If Juan of the Dead is a Loony Tunes carton come to life, Alexis Díaz de Villegas is Bugs Bunny in a wife-beater. Perpetually nonplussed, Juan is a conman who has managed to get through the ups and downs of Cuban political upheaval thanks to his brain, his laziness and his ability to squeeze a coin out of any opportunity. When Cuba becomes overrun with zombies, Juan decides to stick it out in his homeland instead of hightailing it to Miami like so many of his countrymen. Along with a group of friends and family — including his lifelong friend and fellow troublemaker Lazaro (Jorge Molina), Juan actually manages to carve out a new business for himself in the zombie-overrun island. Juan de los Muertos is Juan’s zombie removal service. He and his friends — a group of misfits and miscreants — arm themselves with whatever is handy — be it a baseball bat or a machete — and take care of their neighbor’s zombie problems, for a cost of course.
What sets Juan of the Dead apart from so many other zombie comedies is the genuineness of its characters. Because Brugués took so many moments of the movie from his own life and family, the characters ring completely true. They have chemistry and a timbre to their banter that helps to sell the story whenever the movie pushes the edges of reality and ducktails into the ridiculous — which it does a lot. Juan of the Dead is a comedy first, a zombie movie second. It is not afraid to skirt the edges of plausibility if it means a laugh for the audience and for that the audience is grateful.

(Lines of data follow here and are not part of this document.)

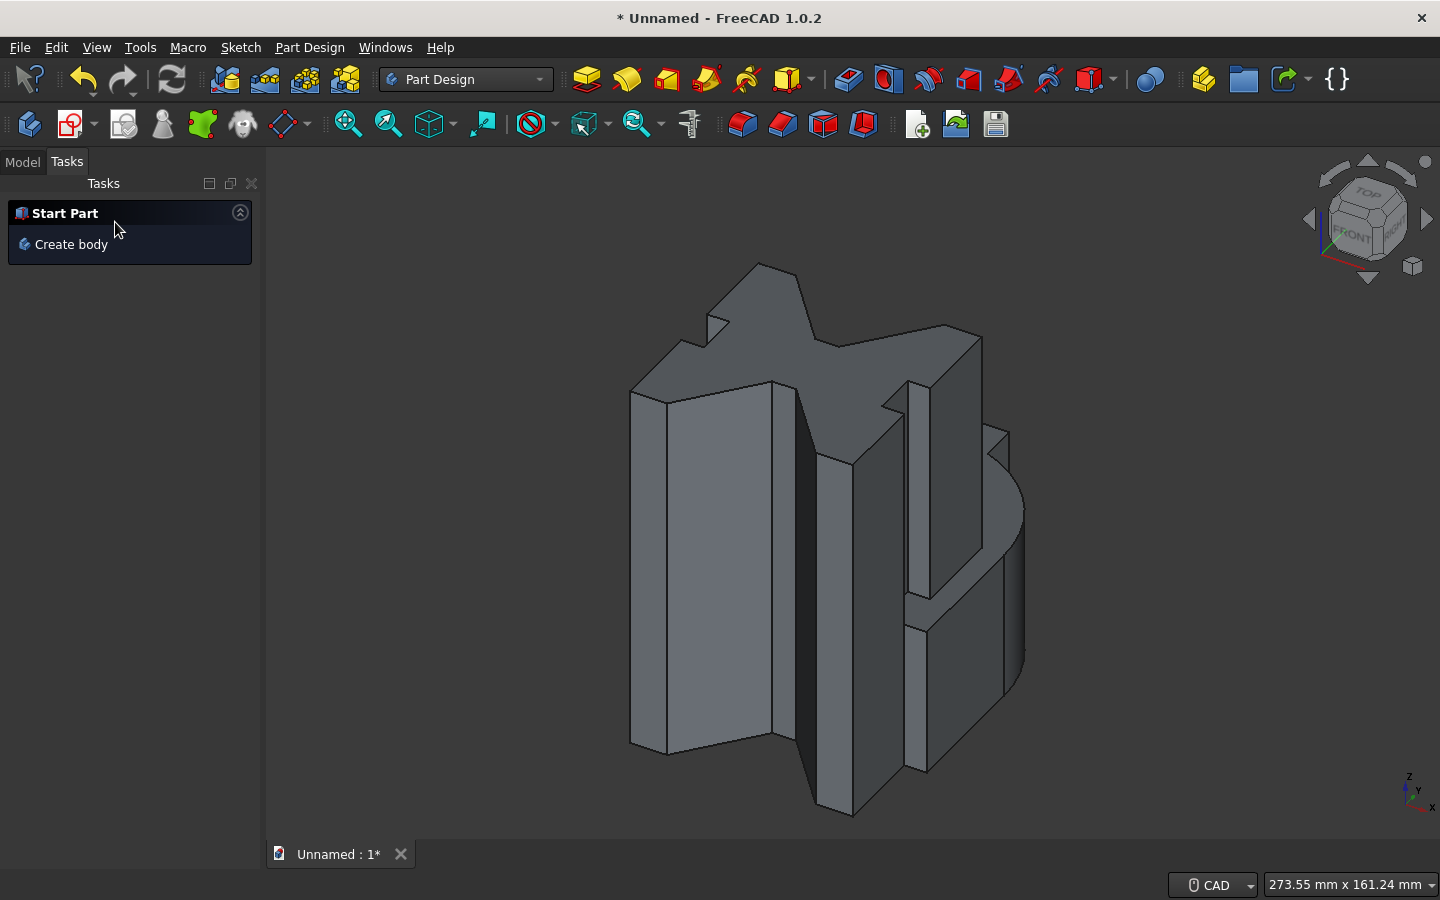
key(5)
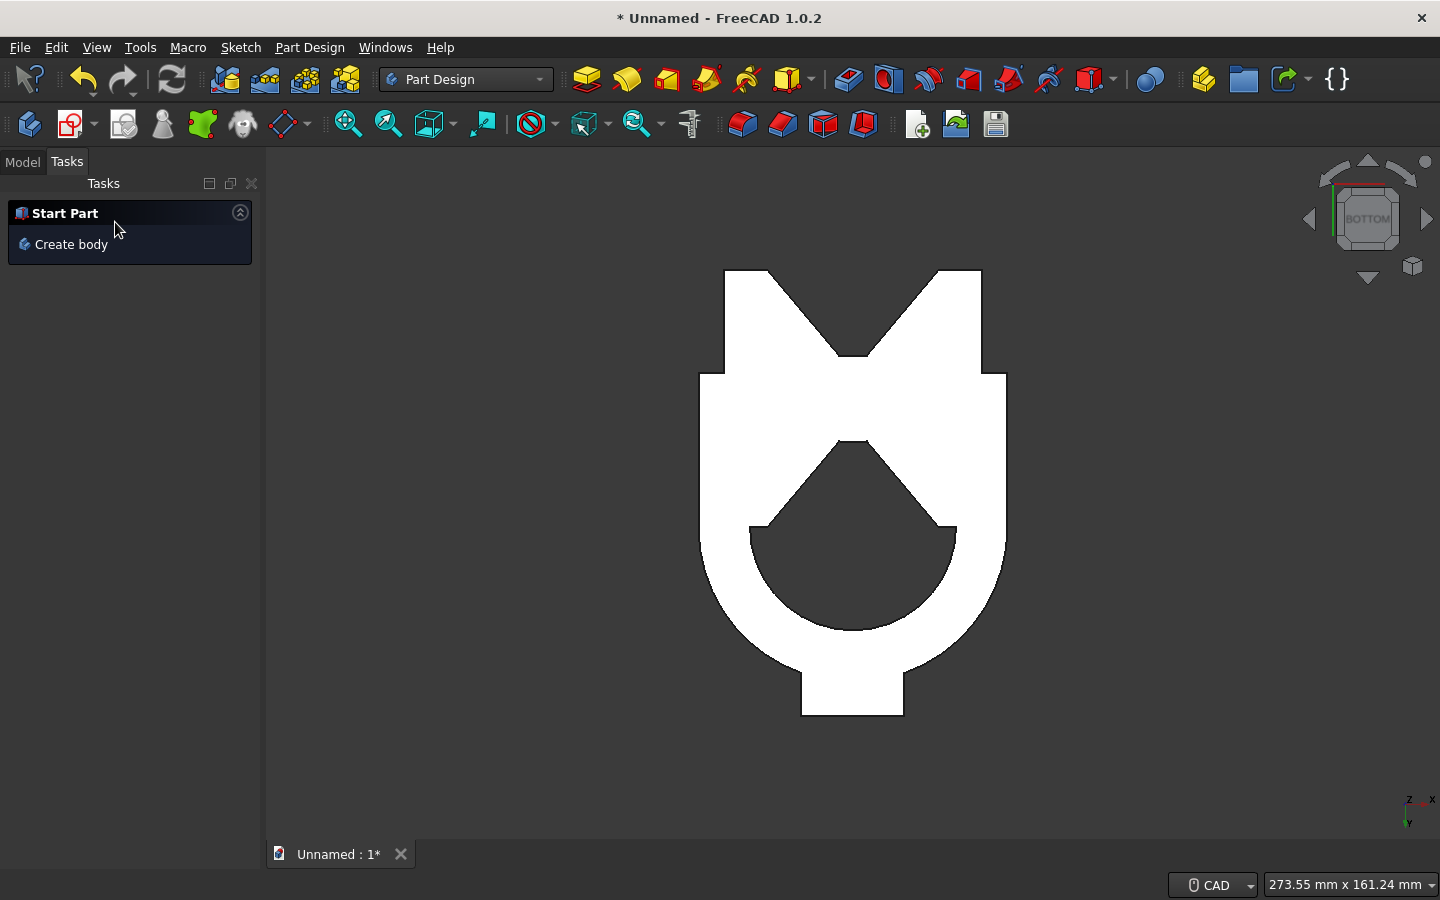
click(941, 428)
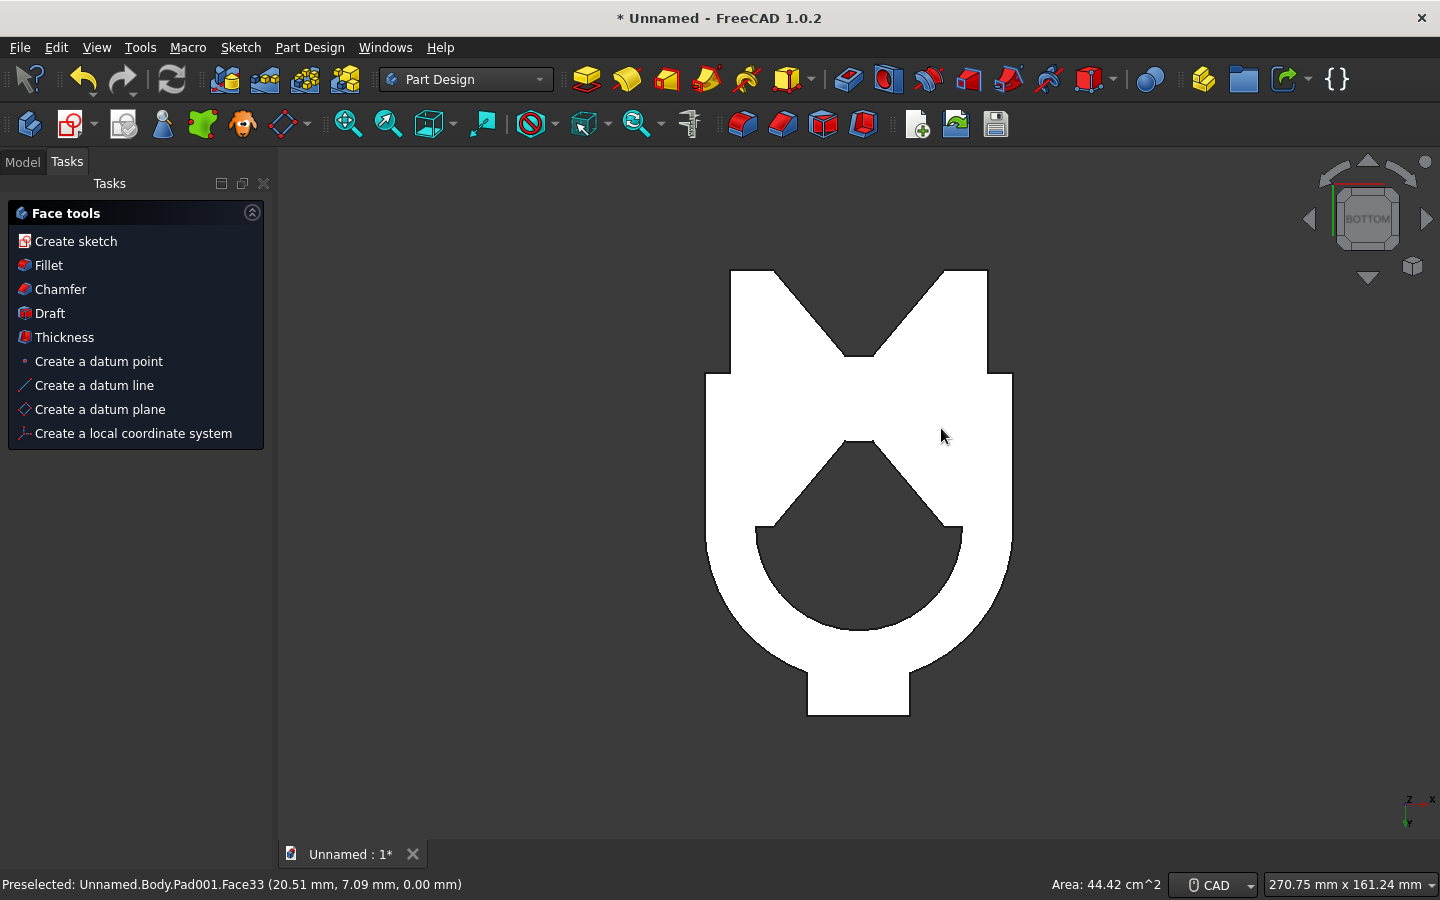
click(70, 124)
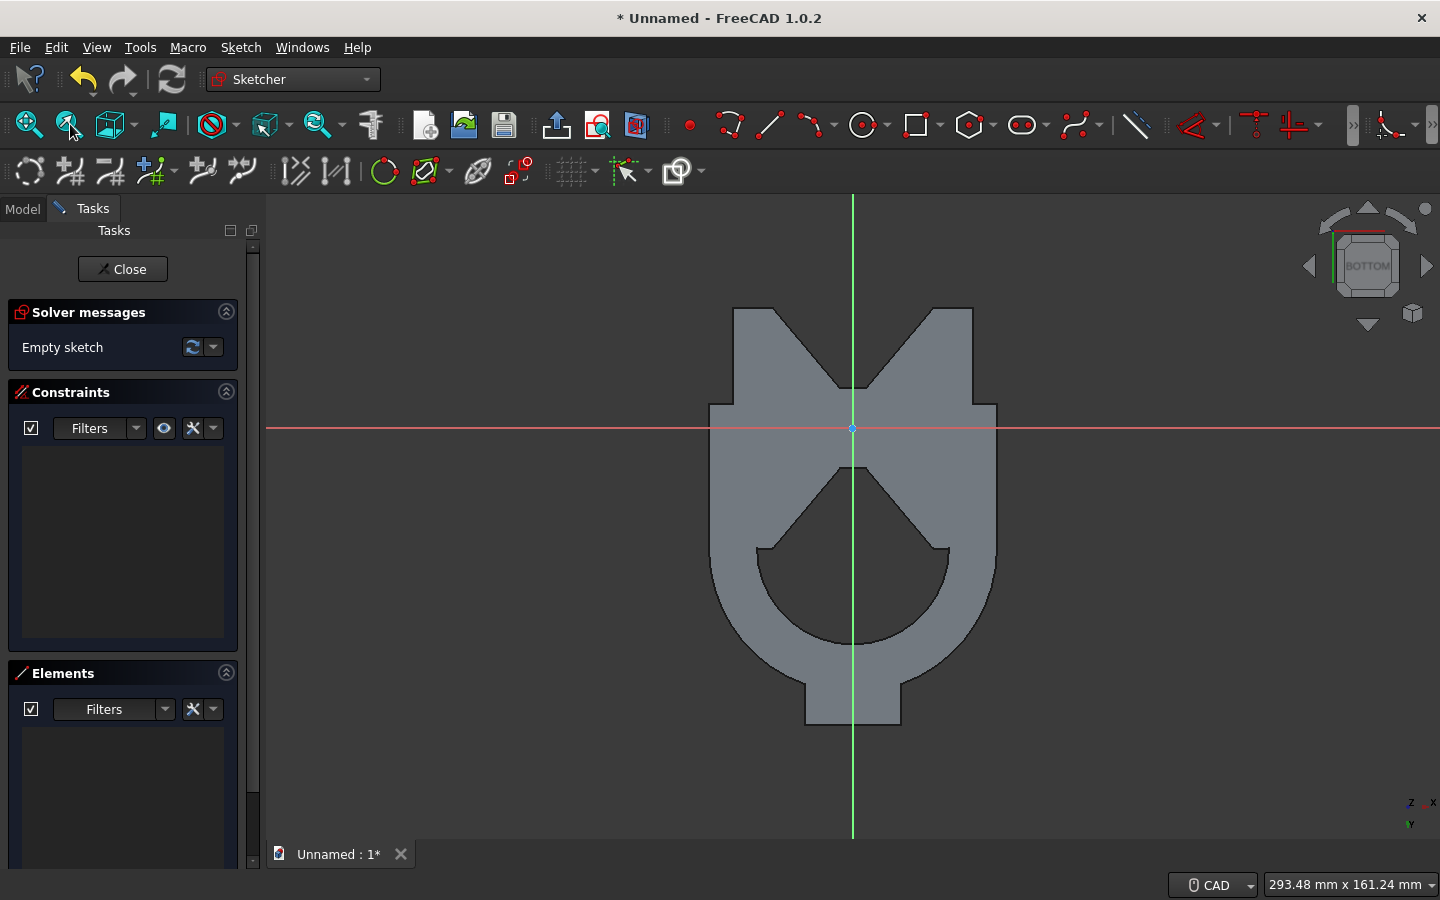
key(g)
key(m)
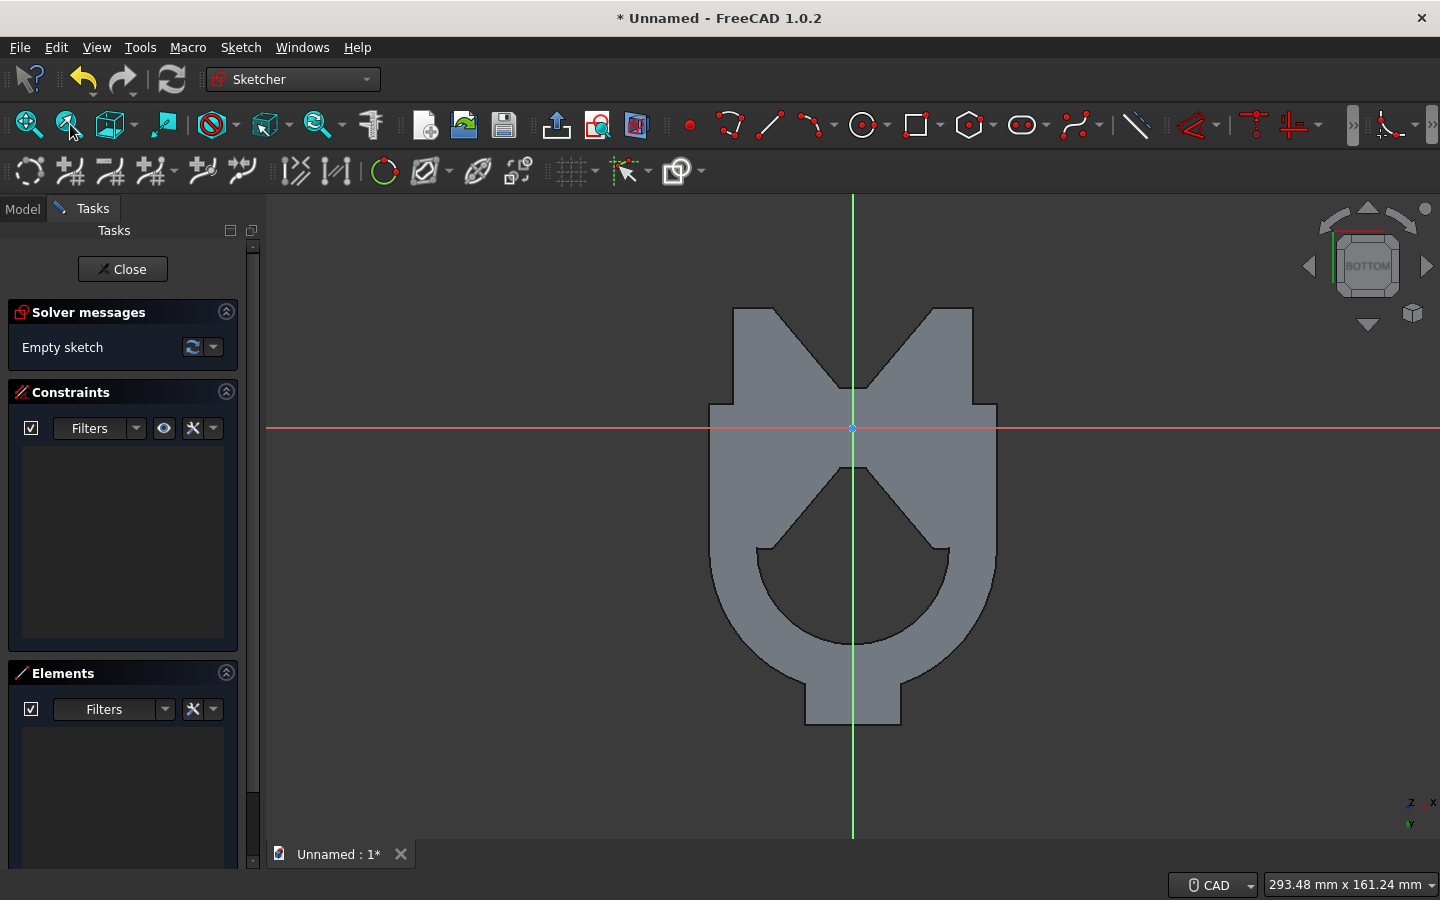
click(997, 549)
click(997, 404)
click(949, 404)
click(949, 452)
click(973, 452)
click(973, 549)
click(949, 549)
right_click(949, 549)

Brugués has an imagination and artist’s eye that gives the film a freshness that most zombie movies are sorely lacking. This isn’t a rehashing of the same horror movie clichés that fans are force-fed time and time again. Juan of the Dead is something new and exciting and — most important — culturally significant. The film represents one of Cuba’s first — if not their first — foray into the horror genre. From the traditional Cuban music used to score the film to the political satire that runs through the film’s veins, Juan of the Dead is 100 percent a Cuban film and its heritage is what helps to give it its identity. Juan of the Dead will bring a horror fan back from the brink of zombie weariness and for that alone it is an essential watch.